Certainly the starting point in any attempt by a Consultant to establish a project on a sensible footing and to reduce exposure to risk is to have a written document which defines what the Consultant will (and just as significantly won't) be doing; the level of performance and limitations on liability. However, if projects are to continue to be adequately regulated and if Clients are to continue to be able to have confidence that the professionals whom they engage are properly qualified and fully insured for genuine problems, co-operation will be needed from two unlikely sources, namely Claimants and legal service providers. If those parties do not heed the warnings represented by the changes in the professional indemnity insurance market over the past two or so years, and do not recognise how their interests too are bound up in preserving a system of sensible protection for sensibly assessed liability, they will have been complicit in threatening the quality and even the viability of future building projects, on which the country's economic recovery is heavily reliant.
Claimants have for too long presumed that where insurance money is involved not only do they have no obligation to mitigate loss but it is somehow within the rules of engagement that they may present as speculative and inflated a claim as they can get away with. Insurers are regarded as a monolithic force against which Claimants are entitled - obliged even - to push as firmly and immoderately as they can. This approach fails to take into account such recent factors as Insurers' defensive response to the uncertainty created by the Grenfell tragedy leading to wholesale exclusions of fire protection for consultants; numerous departures from the professional indemnity insurer market; and the reduced insurance capacity of those Insurers remaining in the market. The net effect is that those remaining Insurers are feeling increasingly vulnerable and are feeling obliged (and able) to impose conditions which have far-reaching effects on key areas of an architect's design activity, whether on past, present or future projects.
A single-minded approach to legal costs adds to Insurers' discomfiture and undermines their efforts to set red lines and push back on claims where necessary. Successive initiatives such as pre-action protocols and mediations are often insufficient to convince a Claimant to modify its expectations and the parties are then required to go through various stages of litigation preparation. Solicitors, faced with having to complete an advance costs budget estimate for Court approval will tend to over-estimate rather than be held to a figure that is too low. Costs will inevitably then swell to fill the inflated estimate. Meanwhile the fee regimen of barristers' chambers threatens to undermine Insurers' position not to mention prejudicing chambers' efforts to demonstrate their accessibility and their understanding of their Clients' commercial pressures. A system which compensates a barrister for the risk of the case settling and of the barrister meanwhile having had to forego involvement in something else which might have developed into a long-running and remunerative matter, has led to Counsel's retainer or Brief fee being incurred in tranches that start to kick in significantly before the date of the trial and often run alongside the stages of trial preparation which continue to be separately charged on a time charge basis. It means that a defendant Consultant and its Insurers are in the unenviable position of having to calculate which is going to be more costly - the external pressure of a Claimant holding out for an unrealistic settlement, or the internal pressure of looming escalation in Brief fees and other defence costs. Either way, Insurers risk losing out, and if they opt for a somewhat increased (earlier) settlement on commercial grounds, that will do nothing to discourage future, similar claims. That, in turn, is unlikely to encourage those Insurers who have departed the scene, to return to the market any time soon.

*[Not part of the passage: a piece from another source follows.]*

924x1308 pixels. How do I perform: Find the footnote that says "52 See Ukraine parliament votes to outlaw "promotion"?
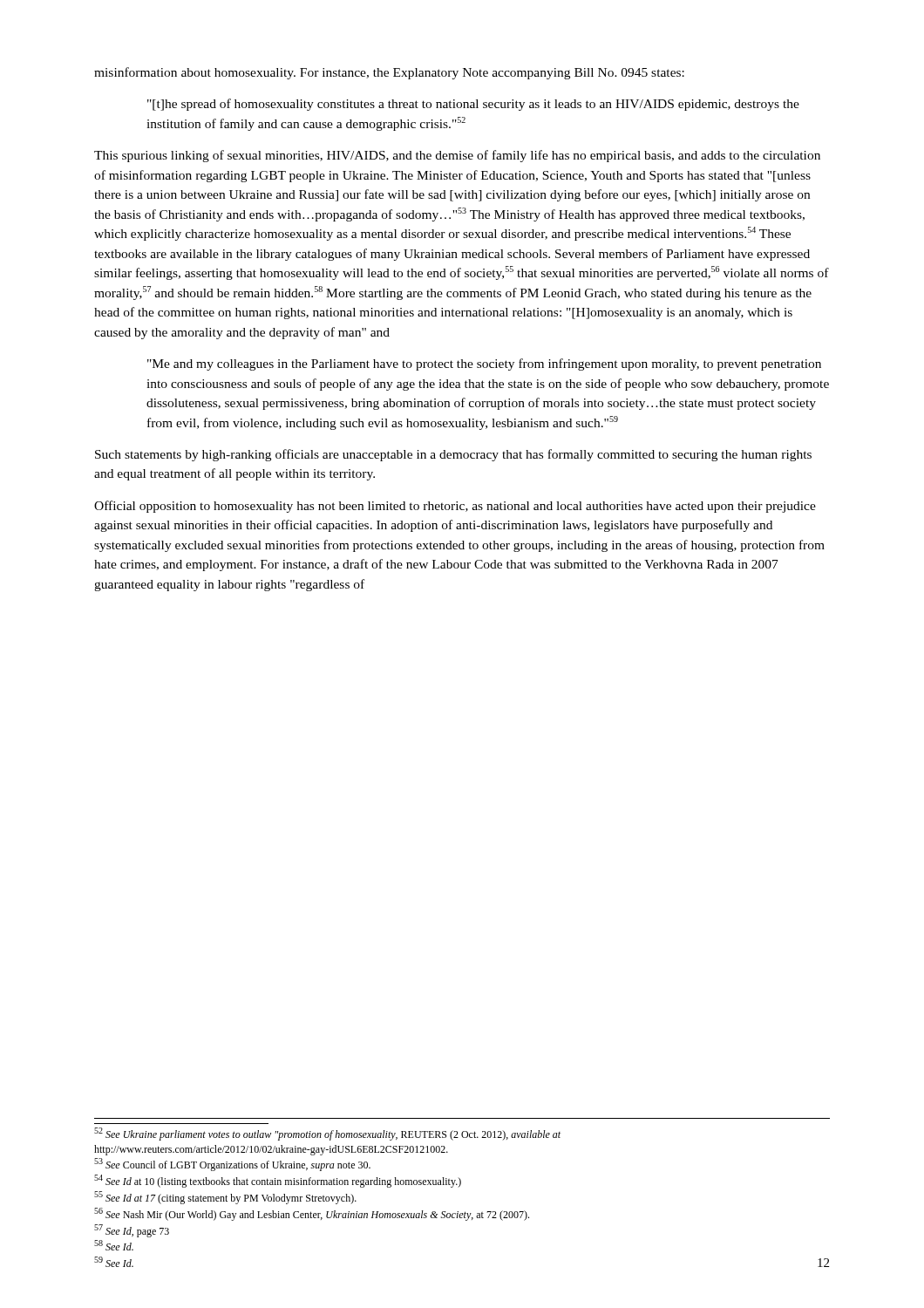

Overriding duty of good faith
What is needed is a realisation from both Claimant and service provider that if insurance is to survive in an era characterised by blame culture, they each need to play their part in maintaining the overriding duty of good faith on which such insurance is based, rather than treating the insurance pot as being in some way removed from the extremely challenging prevailing commercial conditions. A recognition that they are both, in their different ways, dependent on the continuation of a system which provides protection against errors and omissions and that such a system needs to be supported rather than challenged or exploited variously by exaggerated and unreasonable claims or by a too doctrinaire and inflexible fee pricing system. To do otherwise risks falling into the trap identified by another Goldwynism, namely biting the hand that lays the golden egg.